Meet meat-lafel! Rhymes with awful, but isn’t.

A former trip to Israel had me pining for really good falafel. Not that falafel is difficult or not good stateside, it’s just never green enough. The greener the better! So I started to dig a little on how to make these wonderful little-fried bean balls, and whether or not I could add meat to them.

I don’t know why exactly I thought falafel was mysterious and difficult to make. It’s neither. The biggest inconvenience is that you have to start with dry beans and do an overnight soak. After that, however, the “dough” keeps well in the fridge for a few days. I’m even guessing you could freeze it and it would be just fine.

meat falafel

Looks just like the real thing and everything!

 

Once you have soaked and drained the beans, you literally just put everything in the food processor until it’s the consistency of “not yet hummus.” Form into balls and shallow fry. If you are prone to deep frying, you can do that as well. It’s so easy, in fact, my little wheels started turning about what else I could do with the falafel “dough.”

I, of course, decided to add a little ground elk to the whole mixture. This is not, after all, a vegetarian blog. I was pretty happy with the way they turned out. It was denser than your typical falafel, as one might guess, but lighter and fluffier than a traditional meatball. And, as long as you stick with venison or lamb and don’t eat it with dairy, it’s still even kosher/halal. Next time, maybe I will do falafel encased scotch eggs. Or something equally weird and delicious.

A little note – my falafel mix was actually not green enough! Dangit. I adjusted the recipe to include more mint and parsley. Because that’s how I will be making it from here on out.

Just don’t be a jerk and go trying to trick vegetarians into eating meat with this.

Print
Meatlafel
Ingredients
  • 1 pound dry garbanzo beans about 2 cups
  • 1 small onion roughly chopped
  • 2 bunches parsely stems removed
  • 1 bunch mint stems removed
  • 5 cloves garlic peeled
  • 1 1/2 tbsp flour
  • 2 tsp salt
  • 2 tsp ground cumin
  • 1/2 tsp cayenne pepper or to taste
  • pinch ground cardamom
  • 1/2 pound ground venison
  • 1/4 cup frying oil
  • tahini for serving
Instructions
  1. Cover the garbanzo beans with about 3 inches of water in a large bowl. Let sit overnight. Drain.

  2. Add the beans, onion, garlic, herbs, spices and flour to a food processor and blend until you get a coarse paste. If the mixture seems a little too wet, sprinkle in a little more flour.

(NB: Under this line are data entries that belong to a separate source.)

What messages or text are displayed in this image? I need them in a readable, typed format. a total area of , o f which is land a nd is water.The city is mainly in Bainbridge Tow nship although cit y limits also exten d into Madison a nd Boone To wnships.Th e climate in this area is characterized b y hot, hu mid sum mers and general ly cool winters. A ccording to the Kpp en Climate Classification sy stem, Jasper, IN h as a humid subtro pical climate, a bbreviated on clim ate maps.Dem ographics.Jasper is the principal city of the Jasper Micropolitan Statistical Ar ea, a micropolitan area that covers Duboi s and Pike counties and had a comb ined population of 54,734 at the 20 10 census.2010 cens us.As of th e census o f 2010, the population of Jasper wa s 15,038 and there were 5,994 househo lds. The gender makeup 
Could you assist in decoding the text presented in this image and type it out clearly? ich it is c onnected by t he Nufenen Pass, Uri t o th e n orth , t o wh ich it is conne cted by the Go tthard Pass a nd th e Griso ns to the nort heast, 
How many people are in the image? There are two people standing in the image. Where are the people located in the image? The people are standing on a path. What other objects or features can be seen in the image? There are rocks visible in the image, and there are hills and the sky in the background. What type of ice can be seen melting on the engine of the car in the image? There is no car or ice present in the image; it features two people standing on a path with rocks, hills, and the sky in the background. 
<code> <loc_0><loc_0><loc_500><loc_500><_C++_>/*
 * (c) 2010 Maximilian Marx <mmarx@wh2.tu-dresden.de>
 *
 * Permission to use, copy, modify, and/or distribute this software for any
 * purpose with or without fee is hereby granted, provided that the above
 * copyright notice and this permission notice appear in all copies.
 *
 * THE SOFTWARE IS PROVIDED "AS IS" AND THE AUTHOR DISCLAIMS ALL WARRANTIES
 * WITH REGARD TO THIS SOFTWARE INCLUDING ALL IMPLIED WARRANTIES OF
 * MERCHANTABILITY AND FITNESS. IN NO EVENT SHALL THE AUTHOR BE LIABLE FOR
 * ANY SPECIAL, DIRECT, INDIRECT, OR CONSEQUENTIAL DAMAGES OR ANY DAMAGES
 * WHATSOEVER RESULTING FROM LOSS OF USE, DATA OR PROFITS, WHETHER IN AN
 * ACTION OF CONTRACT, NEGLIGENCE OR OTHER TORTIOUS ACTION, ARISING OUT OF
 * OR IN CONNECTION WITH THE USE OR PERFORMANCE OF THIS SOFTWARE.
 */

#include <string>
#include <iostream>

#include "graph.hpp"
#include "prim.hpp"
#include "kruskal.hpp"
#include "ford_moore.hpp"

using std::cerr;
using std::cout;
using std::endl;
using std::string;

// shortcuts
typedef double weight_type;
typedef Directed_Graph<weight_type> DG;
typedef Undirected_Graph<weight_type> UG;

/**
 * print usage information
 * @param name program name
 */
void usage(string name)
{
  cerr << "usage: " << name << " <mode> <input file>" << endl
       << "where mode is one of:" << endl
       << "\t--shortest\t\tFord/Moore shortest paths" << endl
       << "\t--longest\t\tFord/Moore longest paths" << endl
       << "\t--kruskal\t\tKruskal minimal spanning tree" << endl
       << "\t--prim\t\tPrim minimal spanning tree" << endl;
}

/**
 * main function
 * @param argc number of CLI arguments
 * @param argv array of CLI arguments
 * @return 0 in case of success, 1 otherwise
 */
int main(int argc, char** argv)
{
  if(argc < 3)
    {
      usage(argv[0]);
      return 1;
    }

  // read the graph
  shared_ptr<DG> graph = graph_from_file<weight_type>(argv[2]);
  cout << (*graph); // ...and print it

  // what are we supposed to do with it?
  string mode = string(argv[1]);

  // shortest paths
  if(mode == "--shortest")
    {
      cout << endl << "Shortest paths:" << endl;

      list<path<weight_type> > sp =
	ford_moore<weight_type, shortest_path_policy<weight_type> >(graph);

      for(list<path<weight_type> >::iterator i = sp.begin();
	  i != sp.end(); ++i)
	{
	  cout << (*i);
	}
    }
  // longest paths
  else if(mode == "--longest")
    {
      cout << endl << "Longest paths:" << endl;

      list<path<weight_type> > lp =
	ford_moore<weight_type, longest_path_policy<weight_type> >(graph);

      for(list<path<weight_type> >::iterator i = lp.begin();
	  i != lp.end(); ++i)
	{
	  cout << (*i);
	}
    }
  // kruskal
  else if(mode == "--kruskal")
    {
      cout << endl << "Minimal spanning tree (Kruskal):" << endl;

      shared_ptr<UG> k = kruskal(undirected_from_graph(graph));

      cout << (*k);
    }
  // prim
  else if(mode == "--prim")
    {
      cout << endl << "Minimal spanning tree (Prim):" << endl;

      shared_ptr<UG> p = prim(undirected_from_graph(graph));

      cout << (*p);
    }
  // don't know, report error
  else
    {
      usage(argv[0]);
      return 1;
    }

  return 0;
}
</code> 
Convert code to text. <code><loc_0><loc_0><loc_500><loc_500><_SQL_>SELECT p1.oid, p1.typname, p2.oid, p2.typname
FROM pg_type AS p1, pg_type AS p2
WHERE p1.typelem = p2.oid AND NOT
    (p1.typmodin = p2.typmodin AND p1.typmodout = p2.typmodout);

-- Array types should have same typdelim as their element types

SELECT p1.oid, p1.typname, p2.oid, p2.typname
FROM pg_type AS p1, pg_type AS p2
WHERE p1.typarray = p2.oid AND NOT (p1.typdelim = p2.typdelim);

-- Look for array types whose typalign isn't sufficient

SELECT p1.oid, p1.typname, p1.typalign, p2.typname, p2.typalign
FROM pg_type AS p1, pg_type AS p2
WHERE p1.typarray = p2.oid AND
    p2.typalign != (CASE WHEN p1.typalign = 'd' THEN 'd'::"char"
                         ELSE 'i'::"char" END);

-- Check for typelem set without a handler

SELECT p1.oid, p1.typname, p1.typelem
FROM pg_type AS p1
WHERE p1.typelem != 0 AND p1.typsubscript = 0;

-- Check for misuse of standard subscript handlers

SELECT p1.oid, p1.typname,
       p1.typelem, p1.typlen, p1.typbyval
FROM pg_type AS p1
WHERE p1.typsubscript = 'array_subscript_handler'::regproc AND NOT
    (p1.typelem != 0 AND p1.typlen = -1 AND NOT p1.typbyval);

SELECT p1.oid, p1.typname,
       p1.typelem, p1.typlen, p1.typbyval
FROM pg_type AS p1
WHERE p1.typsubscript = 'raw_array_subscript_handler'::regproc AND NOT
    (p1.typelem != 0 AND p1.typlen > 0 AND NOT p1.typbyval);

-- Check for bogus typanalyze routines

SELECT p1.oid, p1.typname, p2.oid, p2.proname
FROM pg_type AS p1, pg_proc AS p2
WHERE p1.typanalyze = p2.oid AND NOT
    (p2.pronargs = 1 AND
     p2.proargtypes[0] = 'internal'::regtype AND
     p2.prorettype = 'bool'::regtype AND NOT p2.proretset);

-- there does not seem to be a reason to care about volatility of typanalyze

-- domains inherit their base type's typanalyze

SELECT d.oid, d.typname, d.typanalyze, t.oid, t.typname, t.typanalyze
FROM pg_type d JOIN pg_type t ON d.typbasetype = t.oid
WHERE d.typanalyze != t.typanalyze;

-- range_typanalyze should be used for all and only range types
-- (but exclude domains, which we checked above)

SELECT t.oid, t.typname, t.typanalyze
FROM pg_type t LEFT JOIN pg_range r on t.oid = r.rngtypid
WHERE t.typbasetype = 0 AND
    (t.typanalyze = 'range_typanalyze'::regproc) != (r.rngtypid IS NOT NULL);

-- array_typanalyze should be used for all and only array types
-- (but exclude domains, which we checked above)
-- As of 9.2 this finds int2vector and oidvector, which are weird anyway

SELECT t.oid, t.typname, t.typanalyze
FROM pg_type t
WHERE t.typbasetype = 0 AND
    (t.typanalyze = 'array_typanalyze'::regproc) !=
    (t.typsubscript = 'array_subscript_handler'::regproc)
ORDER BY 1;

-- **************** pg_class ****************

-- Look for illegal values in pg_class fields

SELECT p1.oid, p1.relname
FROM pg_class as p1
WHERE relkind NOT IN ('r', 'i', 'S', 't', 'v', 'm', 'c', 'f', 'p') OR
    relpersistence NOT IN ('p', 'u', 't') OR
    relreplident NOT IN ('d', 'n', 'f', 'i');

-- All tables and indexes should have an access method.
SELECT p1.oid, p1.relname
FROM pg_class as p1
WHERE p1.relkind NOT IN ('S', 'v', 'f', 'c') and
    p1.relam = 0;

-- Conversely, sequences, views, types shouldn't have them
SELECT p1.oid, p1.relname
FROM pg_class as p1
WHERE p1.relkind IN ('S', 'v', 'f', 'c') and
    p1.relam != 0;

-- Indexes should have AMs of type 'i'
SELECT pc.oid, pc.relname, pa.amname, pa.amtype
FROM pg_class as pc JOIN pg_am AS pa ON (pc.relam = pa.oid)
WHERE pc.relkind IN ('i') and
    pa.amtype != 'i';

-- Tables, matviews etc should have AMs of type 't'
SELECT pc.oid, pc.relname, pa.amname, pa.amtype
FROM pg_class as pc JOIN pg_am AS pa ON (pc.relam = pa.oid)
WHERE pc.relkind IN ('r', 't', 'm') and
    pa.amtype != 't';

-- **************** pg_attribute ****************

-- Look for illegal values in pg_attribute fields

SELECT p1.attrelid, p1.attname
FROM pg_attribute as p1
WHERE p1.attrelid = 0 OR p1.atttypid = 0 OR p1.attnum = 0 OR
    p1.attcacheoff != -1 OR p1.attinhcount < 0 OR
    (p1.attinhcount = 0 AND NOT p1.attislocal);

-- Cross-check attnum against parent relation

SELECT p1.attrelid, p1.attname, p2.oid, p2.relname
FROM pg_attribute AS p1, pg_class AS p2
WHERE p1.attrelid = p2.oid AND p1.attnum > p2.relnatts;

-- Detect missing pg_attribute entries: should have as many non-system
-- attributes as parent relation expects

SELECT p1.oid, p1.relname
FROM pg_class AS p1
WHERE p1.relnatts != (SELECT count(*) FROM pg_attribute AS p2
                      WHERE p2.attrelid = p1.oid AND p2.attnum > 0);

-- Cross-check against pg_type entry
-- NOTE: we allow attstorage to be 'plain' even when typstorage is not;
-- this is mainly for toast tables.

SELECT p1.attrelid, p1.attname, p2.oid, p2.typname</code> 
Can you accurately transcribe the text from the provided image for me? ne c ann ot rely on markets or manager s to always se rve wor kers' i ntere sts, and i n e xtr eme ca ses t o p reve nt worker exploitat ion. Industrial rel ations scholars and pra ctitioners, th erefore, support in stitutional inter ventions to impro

  3. Remove to a bowl and add in the meat. Mix with your hands until the meat is well incorporated into the mixture. Roll into balls about the size of meatballs, and slightly flatten them.

  4. Heat a skillet with 1/4 inch oil over medium-high heat. Start with one ball and fry about 3 minutes per side, until it's golden brown and cooked all the way through. Test the ball to make sure it cooks all the way through. Then, fry up the rest of the balls, removing them to a paper towel to drain as you work in batches.

  5. Serve hot in a pita with tahini sauce or tzatziki sauce (if you're not worried about kosher eating). 

Non-game substitution: Lamb would be a great choice, but any ground meat will work.

Vegetarian substitution: Omit the meat.